Os pesquisadores constataram que, entre 2013 e 2020, esses estados experimentaram um declínio no fluxo médio de dívida médica 34% maior que os estados que não expandiram o Medicaid.
Vidas reviradas
É possível imaginar o impacto da redução do endividamento na vida dessas pessoas, mas um editorial publicado na mesma edição do JAMA salienta a importância da relação entre capacidade individual de pagamento e manutenção da saúde física e mental.
"As dívidas médicas e as dificuldades financeiras decorrentes delas provavelmente estão associadas a efeitos adversos à saúde. O endividamento pode comprometer a busca por cuidados médicos apropriados, retardar os diagnósticos ou exacerbar condições preexistentes. Algo que potencialmente contribui para o aumento do risco de mortalidade prematura", afirmam Carlos F. Mendes de Leon e Jennifer J. Griggs.
"Existem também claras evidências da relação entre dificuldades financeiras e redução da saúde mental. Além disso, a queda repentina de renda ocorrida após uma doença grave ou por contas não cobertas pelo plano de saúde está associada a um aumento significativo do risco de mortalidade", escrevem.
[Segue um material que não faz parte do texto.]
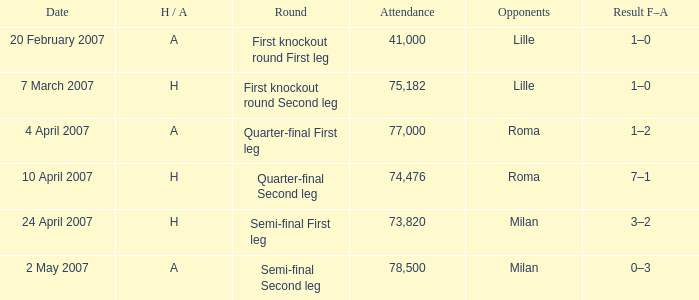Can you parse all the data within this table? {'header': ['Date', 'H / A', 'Round', 'Attendance', 'Opponents', 'Result F–A'], 'rows': [['20 February 2007', 'A', 'First knockout round First leg', '41,000', 'Lille', '1–0'], ['7 March 2007', 'H', 'First knockout round Second leg', '75,182', 'Lille', '1–0'], ['4 April 2007', 'A', 'Quarter-final First leg', '77,000', 'Roma', '1–2'], ['10 April 2007', 'H', 'Quarter-final Second leg', '74,476', 'Roma', '7–1'], ['24 April 2007', 'H', 'Semi-final First leg', '73,820', 'Milan', '3–2'], ['2 May 2007', 'A', 'Semi-final Second leg', '78,500', 'Milan', '0–3']]} Which round has Attendance larger than 41,000, a H/A of A, and a Result F–A of 1–2? Quarter-final First leg.

A incapacidade de obter crédito limita a autonomia e pode levar a sérias perturbações pessoais e familiares. O empobrecimento compromete outros domínios da vida, como o acesso a alimentos saudáveis, habitação de qualidade, educação, emprego e transporte. Condições determinantes para a existência de uma vida saudável.
As dívidas médicas lançam as famílias em uma espiral de desvantagem econômica, instabilidade e estigma social que pode comprometer o bem-estar e o pleno desenvolvimento dos filhos e netos das vítimas da pandemia.
A importância do SUS para a redução das desigualdades no Brasil era evidente muito antes da pandemia. À custa de um sofrimento brutal, ela reforçou o que não pode ser esquecido: copiar os Estados Unidos naquilo que eles têm de pior é péssimo negócio.